I think what eternal scale utilitarianism really does is connect up our sense or morality with reality in a way that non-eternal scale utilitarianism does not and cannot.
As Adam points out, I’m not sure it’s necessarily that Eternal Scale Utilitarianism = Morality per se. Morality is the sense of obligation. Eternal Scale Utilitarianism explains why that sense of obligation is always both in our own and all others interest.
I believe that perhaps the greatest limitation of analytical philosophy is that at some point you reach a level where things can no longer be broken down. There are some things that are so fundamental that they simply are.
Willam of Ockham referred to things known per se nota, i.e. by very acquaintance with the terms themselves. What mode of analysis would one apply to determine that gratuitous suffering is to be minimized, for example?
Gratuitous suffering or something like it, must be naturally wrong, or there is no morality. And how can you establish the nature of anything fundamental by rational analysis alone? We can only know that gratuitous suffering is to be avoided through our own experience or through our understanding, perception, or participation of/in the experience of others, no?
On that basis it seems that consequentialism reduces to deontology at the micro-level, i.e. without a duty to avoid unanalyzable natural wrongs, there can be no metric to rank relative consequences, even in principle.

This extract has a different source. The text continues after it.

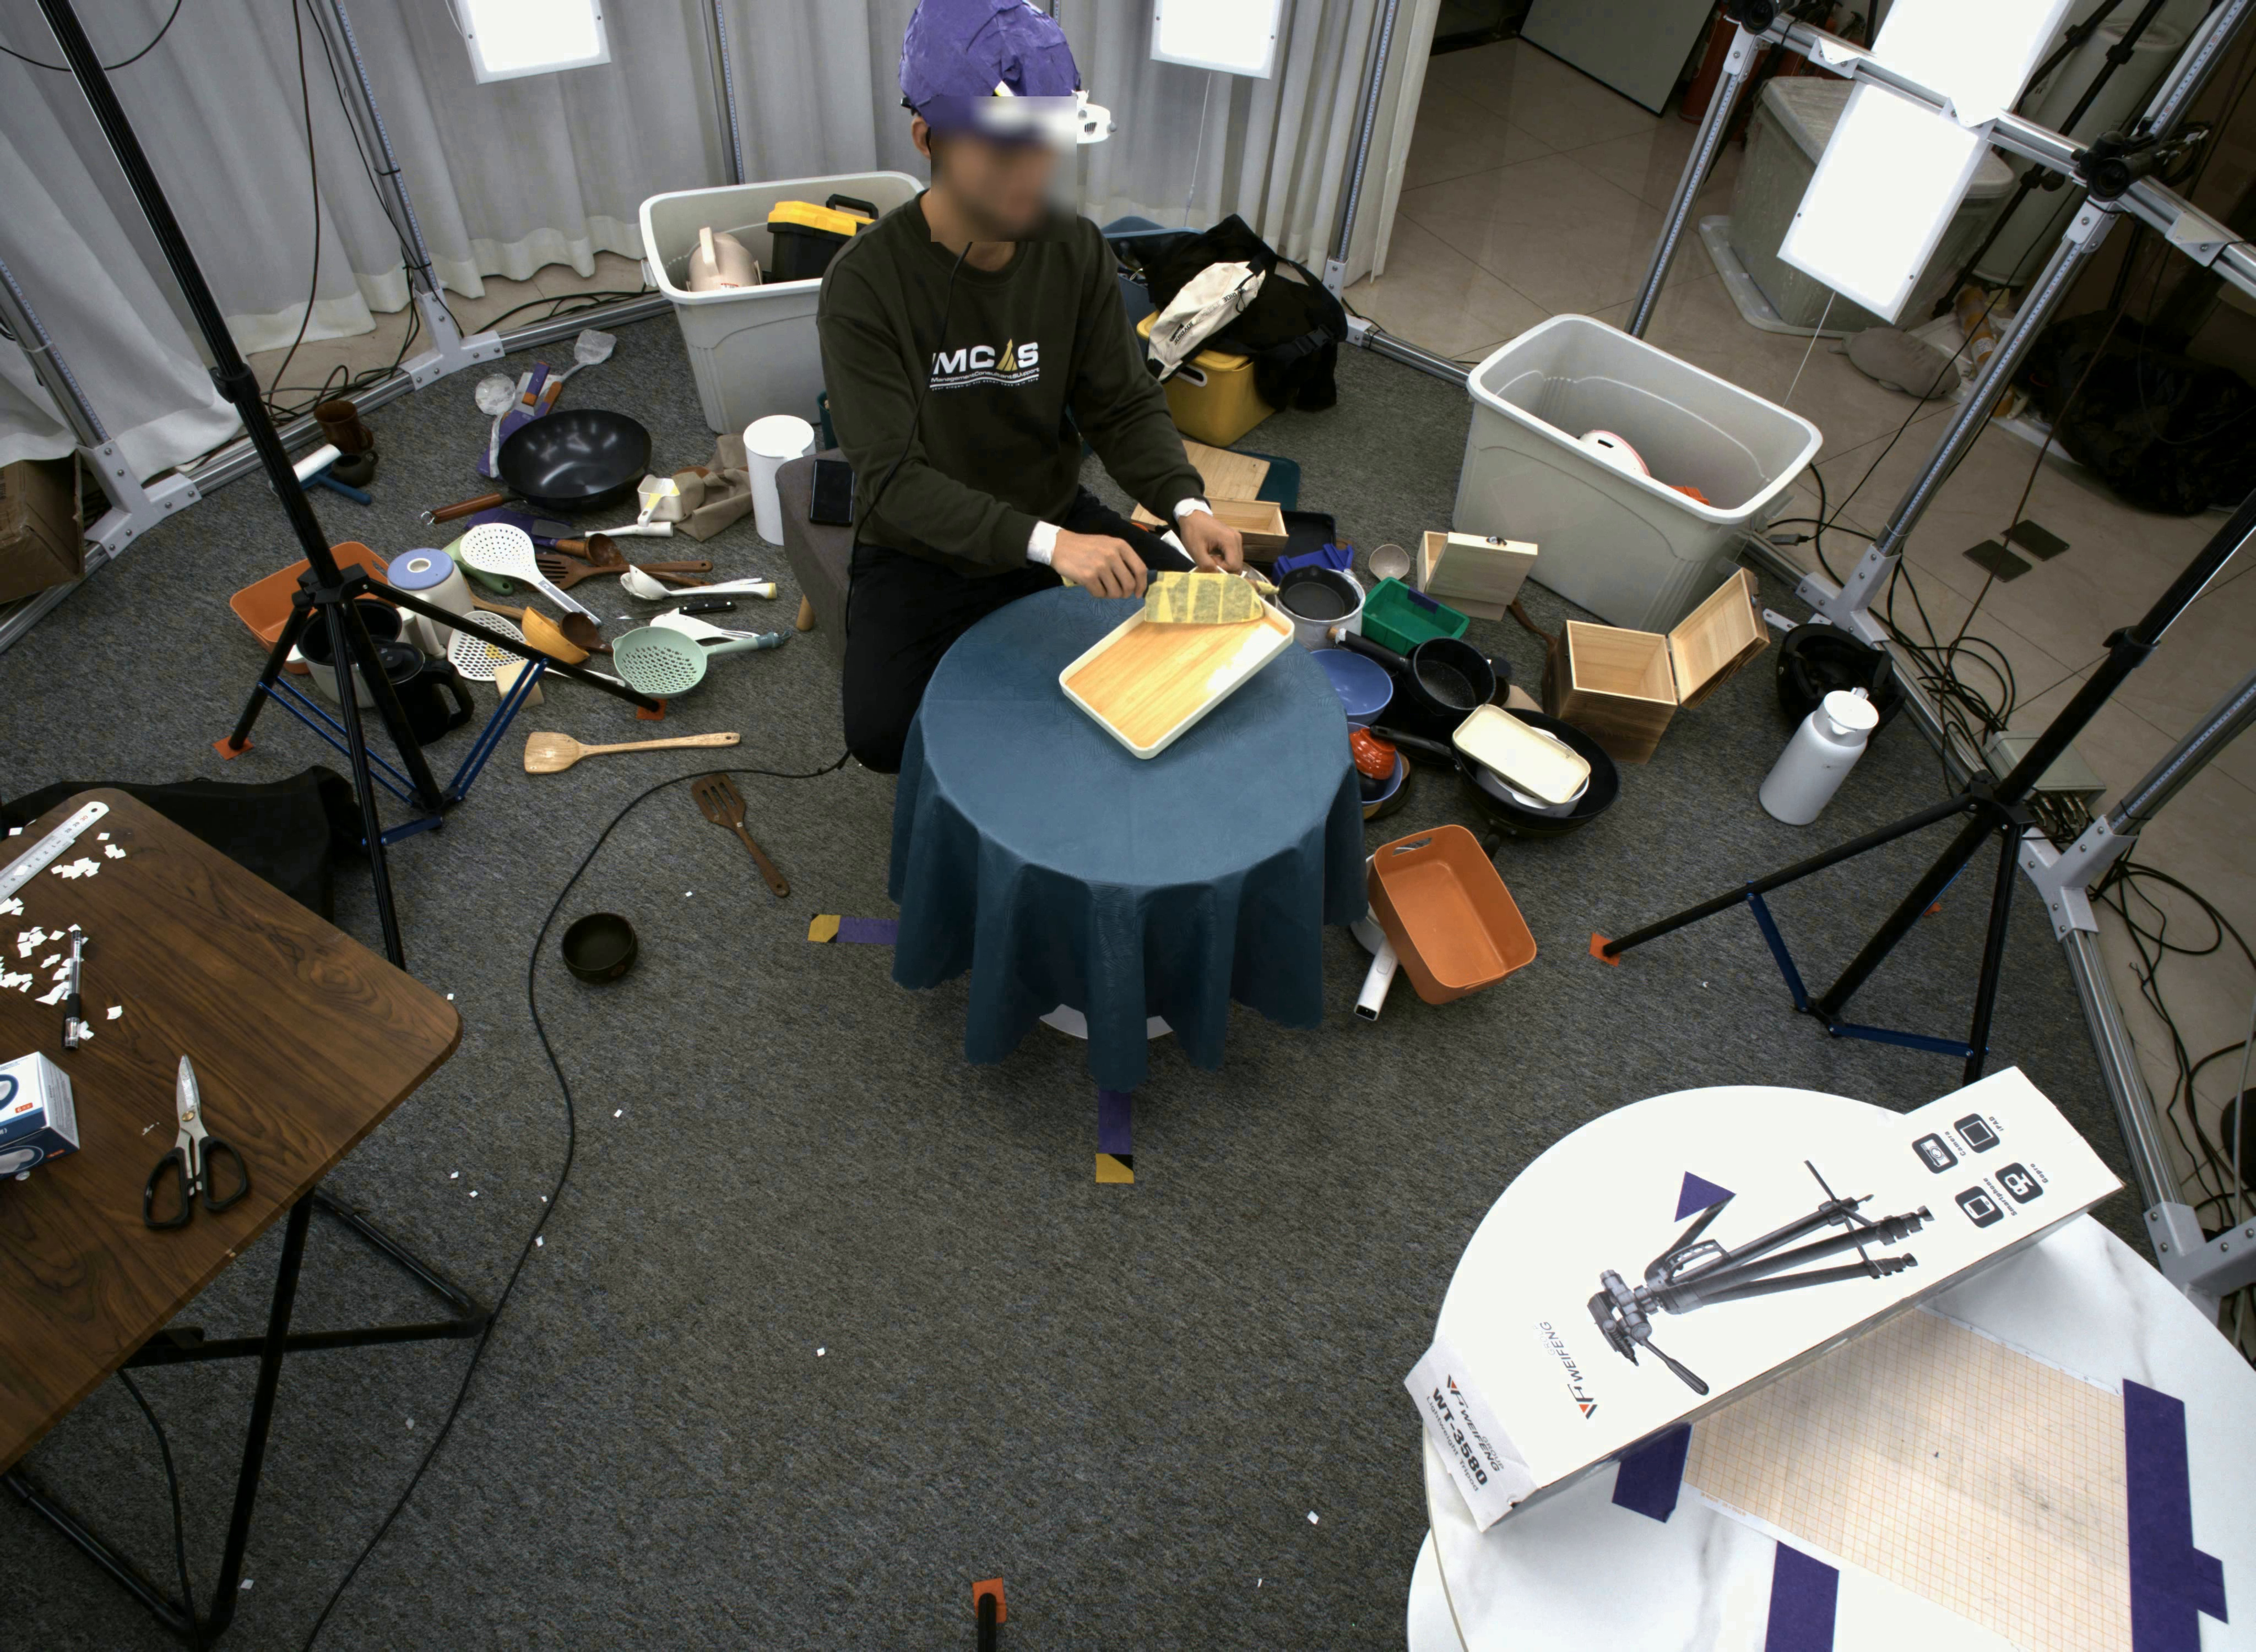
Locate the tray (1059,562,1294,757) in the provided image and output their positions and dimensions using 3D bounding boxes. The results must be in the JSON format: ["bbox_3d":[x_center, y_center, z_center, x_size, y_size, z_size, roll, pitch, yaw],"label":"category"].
[{"bbox_3d":[0.069,-0.240,1.819,0.302,0.027,0.195,-39,60,-16],"label":"tray"}]

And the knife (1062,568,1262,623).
[{"bbox_3d":[0.049,-0.328,1.817,0.289,0.080,0.027,4,17,-6],"label":"knife"}]

It is where deontology starts insisting on the natural and independent existence of macro scale rules that it becomes untenable. What about rules that conflict? Two rules that conflict with each other do little more than establish the fact that one or both are not fundamental at all. They make about as much sense as fundamental obligations as two laws of physics that cannot be mutually satisfied in all times and all places. That is what I am trying to say here.